Q4 What problems • No good as different matches at different times • Players change. • Need MLP output for different times. But this gives different Beta distributions. • So instead use output of neural network before going through the sigmoid. • Try to estimate bias for individual pairing. • Little data for individual pairings: need to be Bayesian. • Put Gaussian prior distribution on bias. Use approximate Bayesian methods to update bias distribution (next lectures).
Further still • Players have styles: use who beats who to provide player groupings. • See e.g. collaborative filtering. • Experts may have access to info that is hard to encode. Incorporate expert predictions into data. • At all stages: check it answers the questions you want it to.

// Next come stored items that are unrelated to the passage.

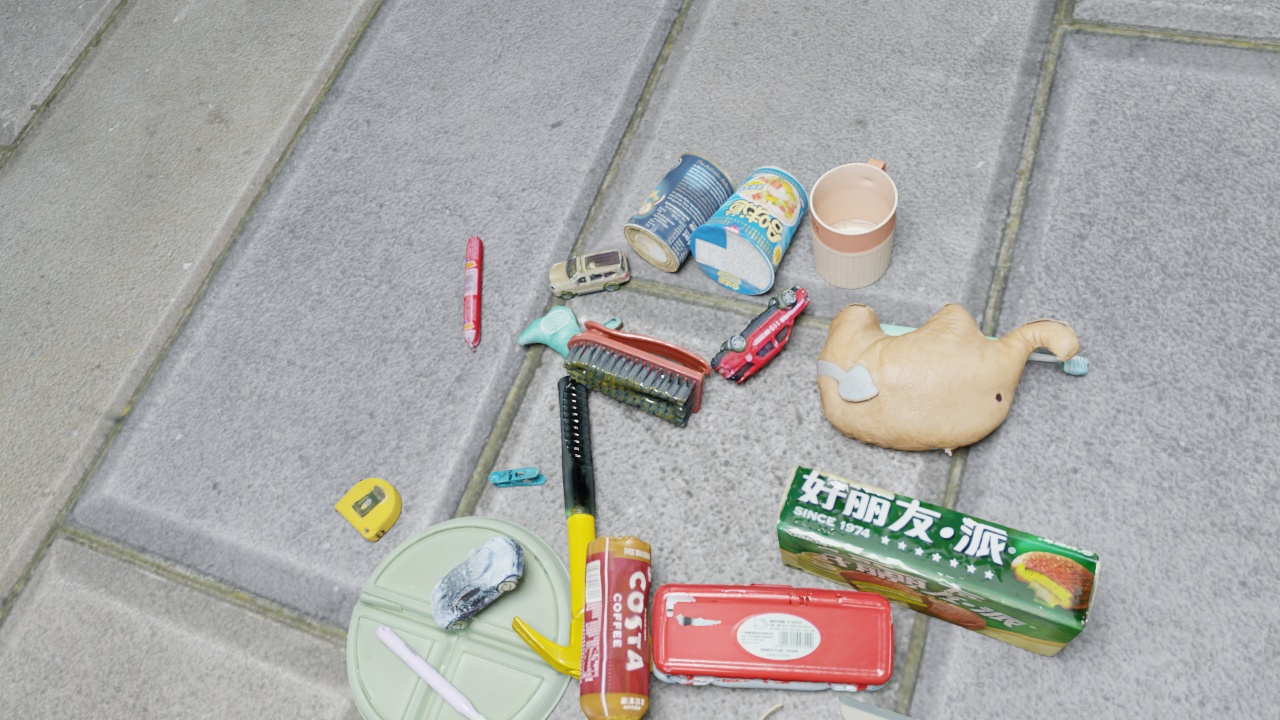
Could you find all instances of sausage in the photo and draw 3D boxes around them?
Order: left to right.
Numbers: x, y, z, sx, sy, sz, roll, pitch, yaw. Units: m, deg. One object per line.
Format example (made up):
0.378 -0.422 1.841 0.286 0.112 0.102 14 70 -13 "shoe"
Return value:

Q5 What next • Get data. Check data. Check outliers. Check consistency: • Do things change over time. Courts change. Rules change. Etc. • Get data into the right format. How to represent ordinal data. • Build network. Add constraints, train, validate. Check assumptions. Is this actually going to work well enough – should see at this stage if it is definitely not. • Refine predictions using individual pairings. • Revalidate. Recheck assumptions. • Anything not quite right? Look carefully. Explain all observations. Know what is going on.
Q6 How to deploy • Test in the field. • Test in the field. • Refine. • Test in the field. • Test in the field. • Refine • Test in the field. • Test in the field. • Refine. • Test in the field. • Test in the field. • Refine. • Test in the field. • Test in the field. • Freeze • Test in the field x10. • Deploy (or ditch at earlier stage).